A Glean Administrator at one of our customers has notified us that the search results that users are getting for Atlassian content appears to be stale. Glean Admins are our primary contacts at the customer who are in charge of ensuring the Glean system is being provided to their end users at their company. Prepare a document and walk us through how you would go about resolving this issue. It is ok to speculate on capabilities that exist in Glean or Atlassian so that we can understand your thinking and logic. Include the following
Steps you would take to validate the issue
Technical assumptions you have about Glean and Atlassian products to help you troubleshoot
Your assessment of what the problem actually is and where in Glean or Atlassian (or both) you think the issue resides
Logical steps you would take to resolve the issue
How and when you would communicate with the Glean Admin about the issue and what type of messages you would send to them along the way
Any steps you would take after the issue is resolved besides the customer communication, e.g. continuous improvement
Expect that we may ask questions and that it is ok if you ask clarifying questions of the panel along the way.

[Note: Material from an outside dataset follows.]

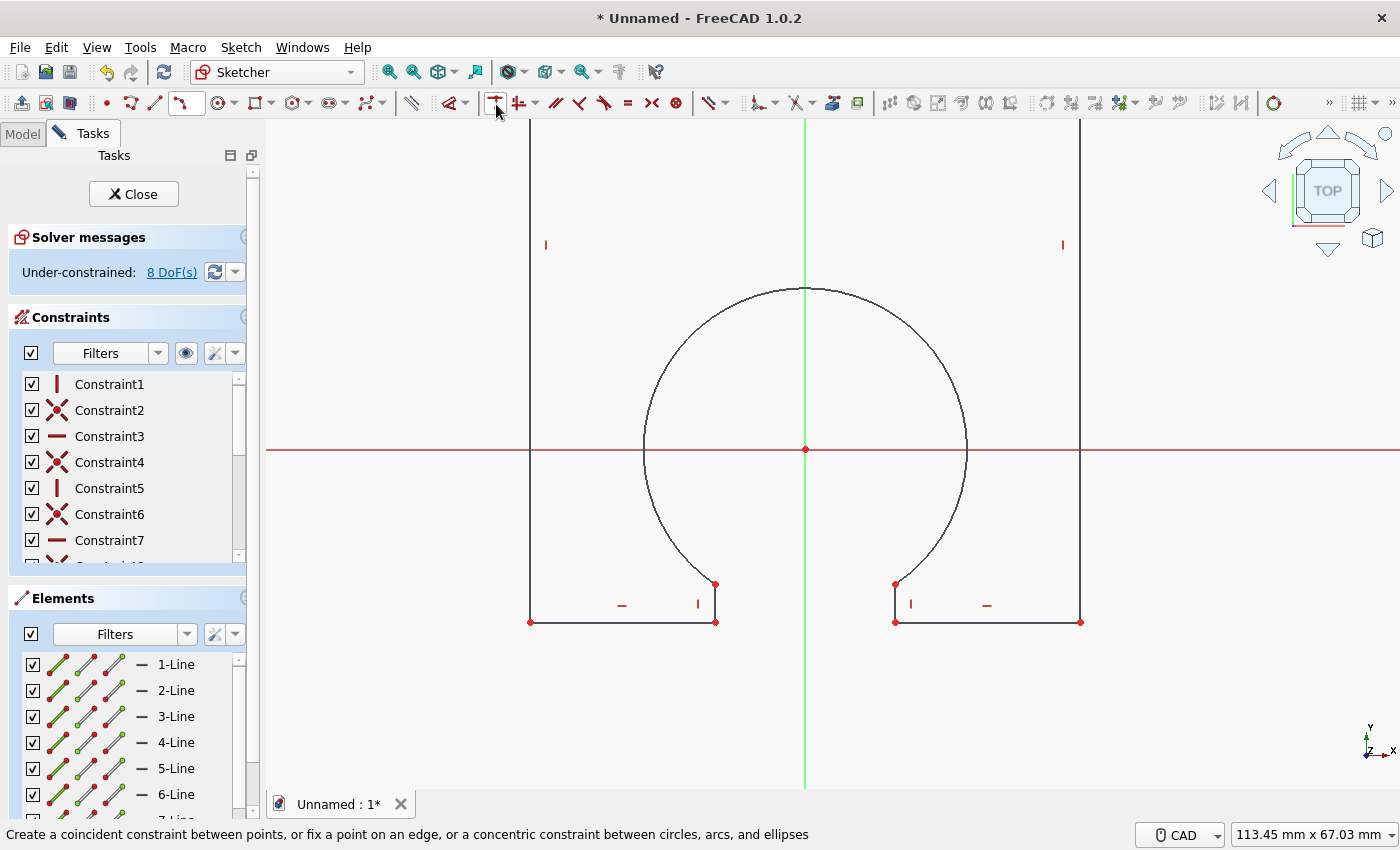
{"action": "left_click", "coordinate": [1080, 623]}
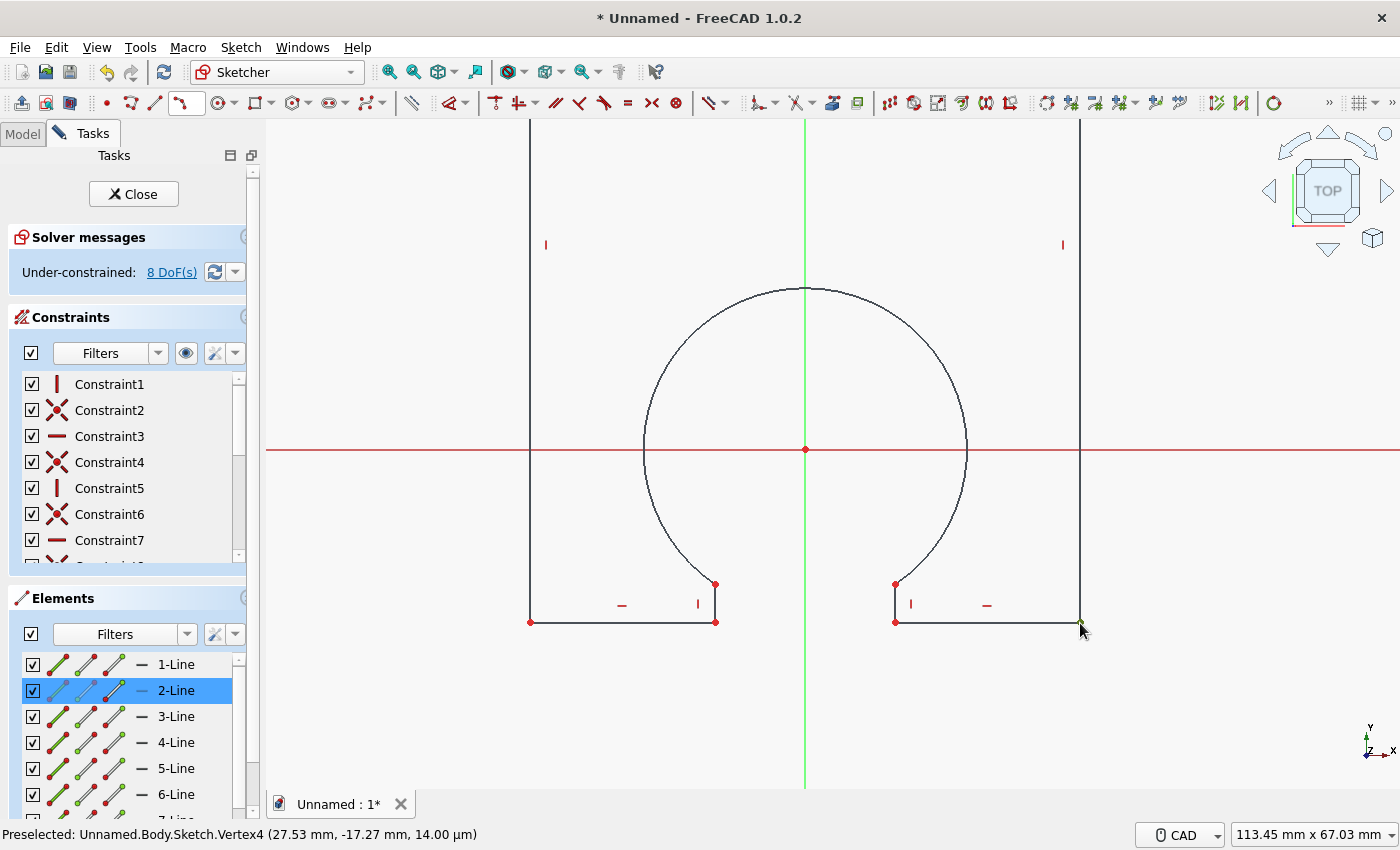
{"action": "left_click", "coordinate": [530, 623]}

What I think the issue is: Based on the flow of the architecture that I was given. It seems like what the issue may be is that the configuration to the Atlassian endpoint might be broken. Either due to a changed permission or maybe the configuration is no longer correctly set up.
Steps I would take to validate the issue:
Understanding the Problem
Go into their glean console and see what they mean when they say that things are stale.
“Hi, can you describe to me what’s going wrong?”
And if they want to, what they think is going on.
“Hi, can you show me the steps you took to see the stale data?”
Write out the steps (for future reference)
Customer opened up ....
Screen doesn’t appear to be showing....
“What should be appearing?
If you log out of Glean and back in does the issue resolve itself?
Every time you use Glean it needs your SSO and so if a bad cookie was cached that might have made it so that things weren’t updating
Keep note of this to use when you query your logs to see if this timeline matches up. Or to be able to be used as a filter.
How many people is this affecting?
Does much does it impact their ability to do their job?
How important is this customer?
If we need to escalate here is a script:
Hi, we have this major problem here where a lot of customers/a high profile customer is not able to perform work because they’re getting stale Glean data. I’ve made a ticket with all of the information I’ve gathered so far and I will continue to try and troubleshoot and update the ticket but while I’m doing that it would be helpful if we can work together or in parallel to help solve this issue quickly.
Reproducing the problem with a test dummy Confluence doc
Have them create a Confluence doc so you can validate different flows within Glean (their user permission)
Create a confluence doc titled “Test file to see Stale Atlassian Data - user permission”
Check with Engineering to see if anything was changed recently (db or product wise) using the date that you found
Ask in Slack
Look at Github commits
Create a Ticket
Let the customer know what you have done so far
Communicating the Problem:
Classify the Problem:
Issue with the Config/secrets:
Immediate remediation - go in and fix it asap
Create a ticket
this is so we can track if issues like this keep happening
If it does: maybe we need to update our documentation or fix a flow in the code so that there can’t be this human error
Let the customer know you have fixed it
Ask the to try again and see if the data is still stale
Issue with Glean:
triage the severity of this issue:
how important is the customer
how many customers will be affected
how much will this impact the customer/can most of glean’s functionality still there
Let engineering know. Submit a ticket.
If it’s a bigger issue figure out who to reach out to who can email all of our customers and let them know that there’s this issue but we’re working to fix it.
Let the Customer know the fix and how long it might take
Fixing the Problem:
If the security teams thinks that the issue is exploitable it’ll be fixed and rolled out immediately (within a day)
Any relevant critical severity issues found in Github vulnerabilities scans or container registry scans are fixed within 1 week from when it was first detected. The detection is typically within a few hours for both Gihub and Google container registry.
If it’s an issue with the GCP assets scanner and elastic CVE’s it’ll be fixed within 5 weeks.
This is because the elastic cluster is only reachable from the private VPC
If this is too long for the user and the mistake is on our side, we can try to rollback to a previous version artifact so that they can use glean again
Next Steps after Resolution
Update test plan
If it is an issue on our side. Update our QA testing docs to include a check for the issue found.